– Ты заговорил о Гитри.

– Ах да, спасибо! Он ведь тоже родился у нас, в Петербурге. Его отец имел высший взлет, когда наш антрепренер Теляковский подписал с ним контракт на год работы в Михайловском театре… Был такой в северной столице, все спектакли давали на французском, одна аристократия собиралась… Так вот, Сашка с моим отцом сдружился, на все его репетиции ходил; забьется в угол зала и сидит… А он уже тогда комедии писал, его вся Франция ставила, любимец Парижа. Он – в одном углу, я – в другом. И заметил я любопытнейшую вещь: то он смотрел на отца с обожанием, а то вдруг лицо его замирало – в самых драматических местах… Видимо, ощущал, что в Федоре Ивановиче воплотилось то, чего он не достиг и никогда не достигнет. Я думаю, что это его понимание своей – в сравнении с Шаляпиным – малости свидетельствовало об определенной ущербности духа. Вот и скатился к предательству Сашка Гитри… Стал с немцами в Париже коллаборировать! Его не судили после войны, французы простили его за легкость таланта, так он сам себя извел: без рекламы, статей о нем, без шума жизнь ему была не в жизнь. И умер от рака… В безвестности… Истинный-то художник разве на предательство способен? Только Сальери, только несостоявшиеся…

– Как тебе фазан, Федор?

– Этот фазан? Какая прелесть! Чудо! Просто чудо!

– Ты иногда – особенно если падает тень – делаешься похожим на отца.

– На отца никто не может быть похожим, Женя. Знаешь, кто написал его лучший портрет?

– Не знаю.

– Коровин. В жилете отец стоит. Я его в дар Родине отправил. Коровин этот портрет за двадцать минут сделал, он ведь стремительно писал… Знаешь, как это было? Отец торопился в Питер, у него было двадцать спектаклей в Большом, двадцать в Александринке, собирал чемодан, расхаживал по комнатам в жилетке, а Коровин: «Ну-ка постой, Федор, я сейчас, мигом!» И – закончил ведь!
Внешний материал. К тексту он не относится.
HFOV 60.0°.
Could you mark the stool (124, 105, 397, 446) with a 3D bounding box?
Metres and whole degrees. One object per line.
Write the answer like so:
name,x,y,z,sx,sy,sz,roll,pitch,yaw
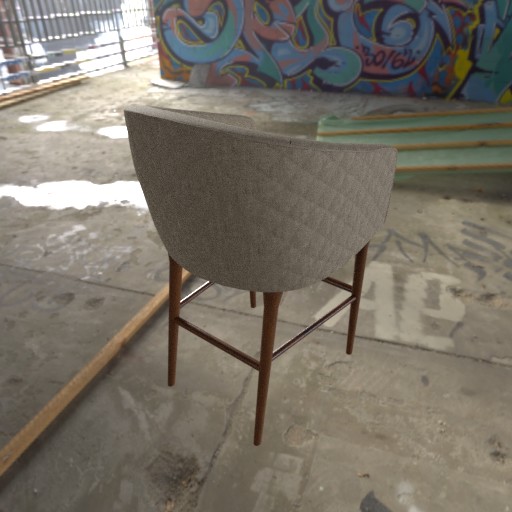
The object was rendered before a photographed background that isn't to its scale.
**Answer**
stool,0.000,0.000,1.341,0.559,0.952,0.635,22,38,31
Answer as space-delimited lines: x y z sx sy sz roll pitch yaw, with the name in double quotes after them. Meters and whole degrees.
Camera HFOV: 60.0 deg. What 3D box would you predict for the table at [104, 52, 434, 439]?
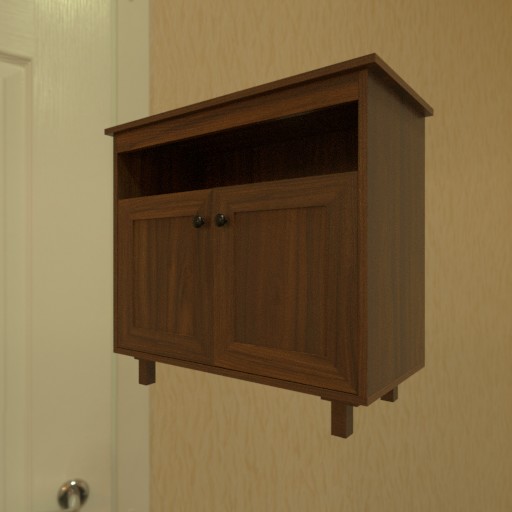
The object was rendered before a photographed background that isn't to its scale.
0.000 0.000 1.176 0.802 0.725 0.390 0 0 37 "table"
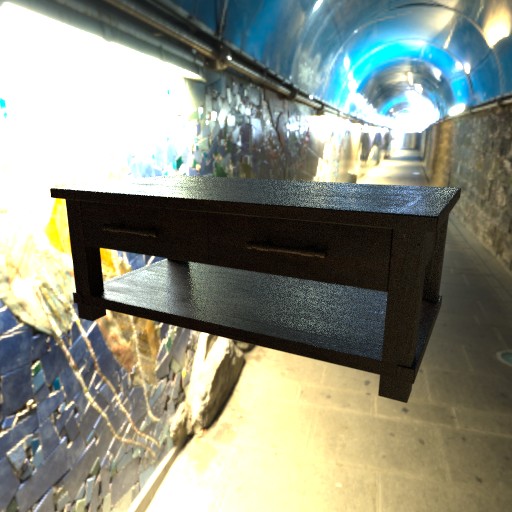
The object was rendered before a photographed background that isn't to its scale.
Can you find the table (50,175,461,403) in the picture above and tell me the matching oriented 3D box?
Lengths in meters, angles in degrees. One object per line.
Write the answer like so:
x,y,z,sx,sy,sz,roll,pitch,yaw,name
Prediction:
0.000,0.000,1.613,1.270,0.494,0.700,8,17,27,table
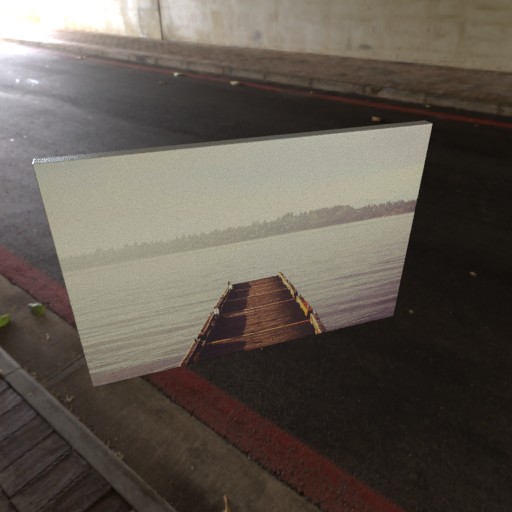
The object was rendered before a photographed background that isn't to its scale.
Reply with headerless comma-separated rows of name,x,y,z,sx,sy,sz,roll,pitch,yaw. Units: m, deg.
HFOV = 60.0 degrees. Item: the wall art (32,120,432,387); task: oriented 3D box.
wall art,0.000,0.000,0.769,0.615,0.410,0.021,-10,33,-16
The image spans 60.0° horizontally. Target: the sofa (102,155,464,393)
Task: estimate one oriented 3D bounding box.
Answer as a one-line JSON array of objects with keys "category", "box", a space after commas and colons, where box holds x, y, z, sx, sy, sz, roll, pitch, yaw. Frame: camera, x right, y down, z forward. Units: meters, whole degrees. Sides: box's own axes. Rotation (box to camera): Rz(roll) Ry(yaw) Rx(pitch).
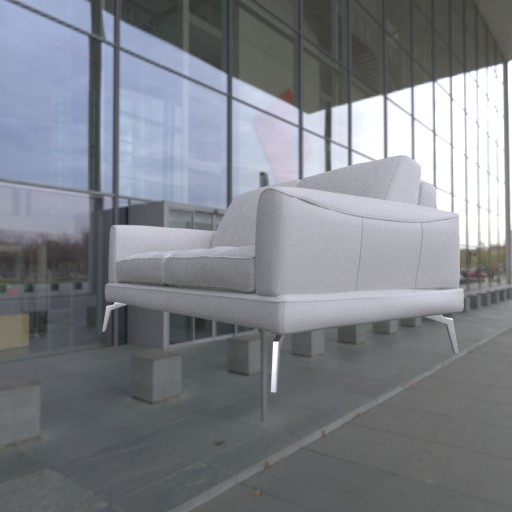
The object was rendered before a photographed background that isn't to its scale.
[{"category": "sofa", "box": [0.000, 0.000, 2.407, 1.121, 0.930, 1.819, 1, -2, -36]}]

Мы потом отца на вокзал провожали, и шофер так лидировал мотор, что отец буркнул: «Господи, хоть бы разглядеть, обо что сейчас насмерть разобьемся». Как мог Коровин ухватить поразительное сходство без рисунка, кистью – до сих пор ума не приложу! Между прочим, я еще один портрет в Россию привез. Самый, пожалуй, забавный. Дело было так: начал – в очередной раз – Коровин писать отца, и все ему не нравится, все не так, считает, сходства нет. Решил замазать, а отец говорит: «Погоди, дай-ка мне кисточку», – он ведь сам рисовал прекрасно. Коровин отдал, но и у отца ничего не вышло. А тут пришел барон Клодт, попросил кисть, но и у него тоже ничего не получилось; Коровин начал нервничать, все, говорит, замажу; случайно заглянул Серов, молча взял кисть, сделал три мазка и сразу же поймал сходство. Коровин не хотел подписывать, говорил Серову, мол, это ты сделал, тогда Серов взял да и поставил две подписи: «Коровин и Серов». Этот портрет всегда был с отцом: сначала на Новинском, потом в его парижской квартире, потом у меня в Риме, а сейчас снова вернулся в Москву.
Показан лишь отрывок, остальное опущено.